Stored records
•••••
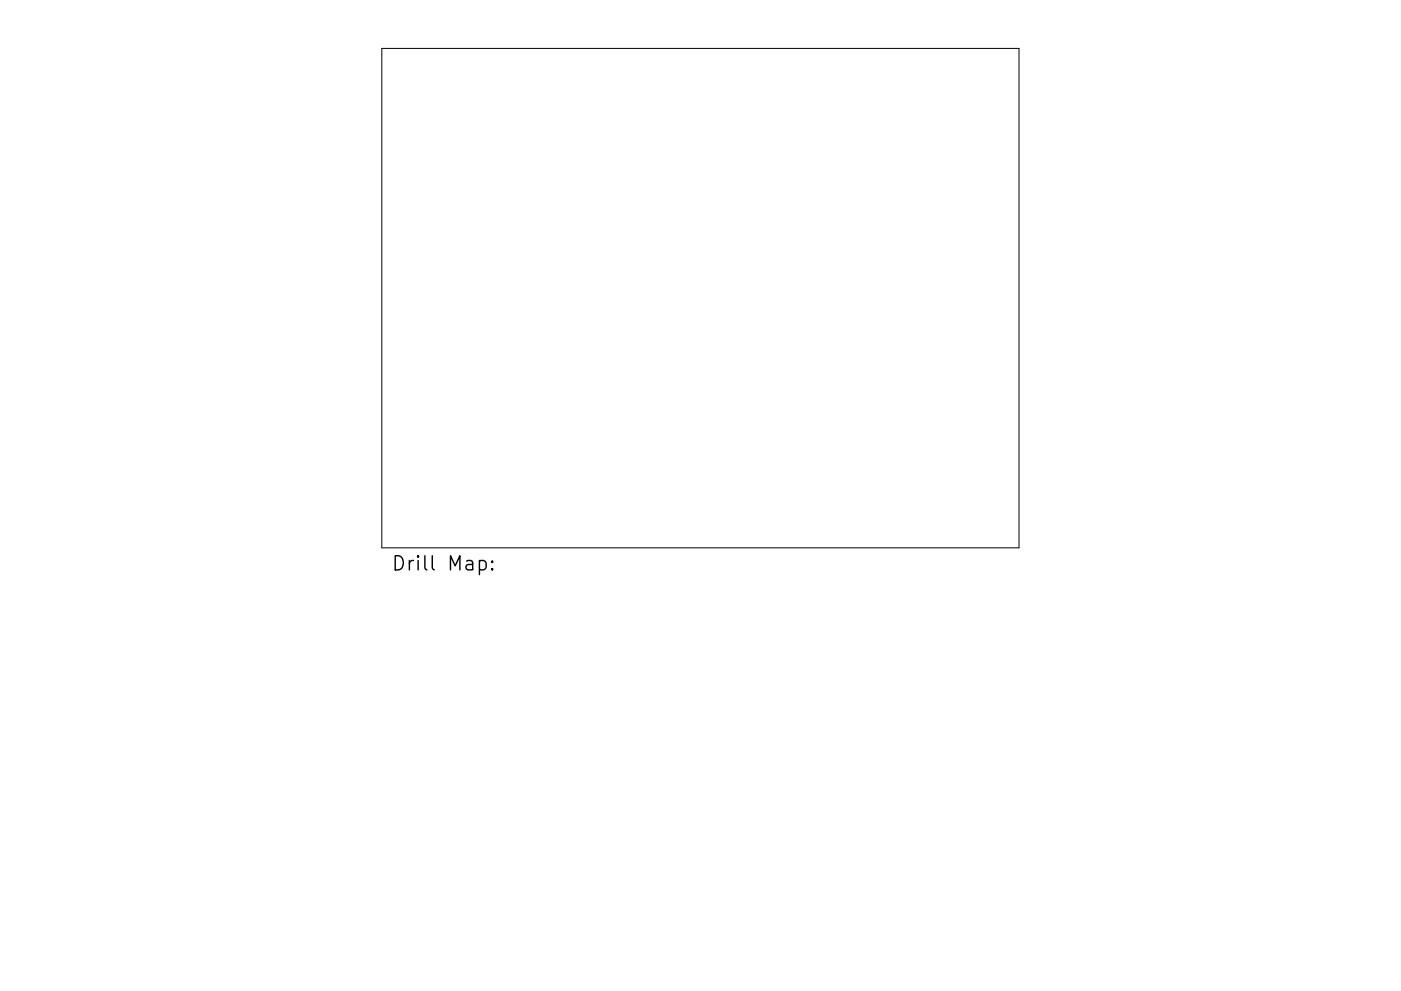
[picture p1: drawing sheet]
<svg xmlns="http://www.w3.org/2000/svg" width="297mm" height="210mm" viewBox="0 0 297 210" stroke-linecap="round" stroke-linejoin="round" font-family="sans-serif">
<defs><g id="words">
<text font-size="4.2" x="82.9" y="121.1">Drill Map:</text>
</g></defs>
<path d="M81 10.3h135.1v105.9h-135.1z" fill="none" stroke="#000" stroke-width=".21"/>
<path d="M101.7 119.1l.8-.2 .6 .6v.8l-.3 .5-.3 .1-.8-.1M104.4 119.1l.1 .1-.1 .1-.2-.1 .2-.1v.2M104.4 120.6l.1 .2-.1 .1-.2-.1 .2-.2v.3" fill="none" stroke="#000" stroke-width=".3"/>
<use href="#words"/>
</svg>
•••••
# TO DO:
If a line in the entries contains "font", copy it.

# EXERCISE SOLUTION:
<svg xmlns="http://www.w3.org/2000/svg" width="297mm" height="210mm" viewBox="0 0 297 210" stroke-linecap="round" stroke-linejoin="round" font-family="sans-serif">
<text font-size="4.2" x="82.9" y="121.1">Drill Map:</text>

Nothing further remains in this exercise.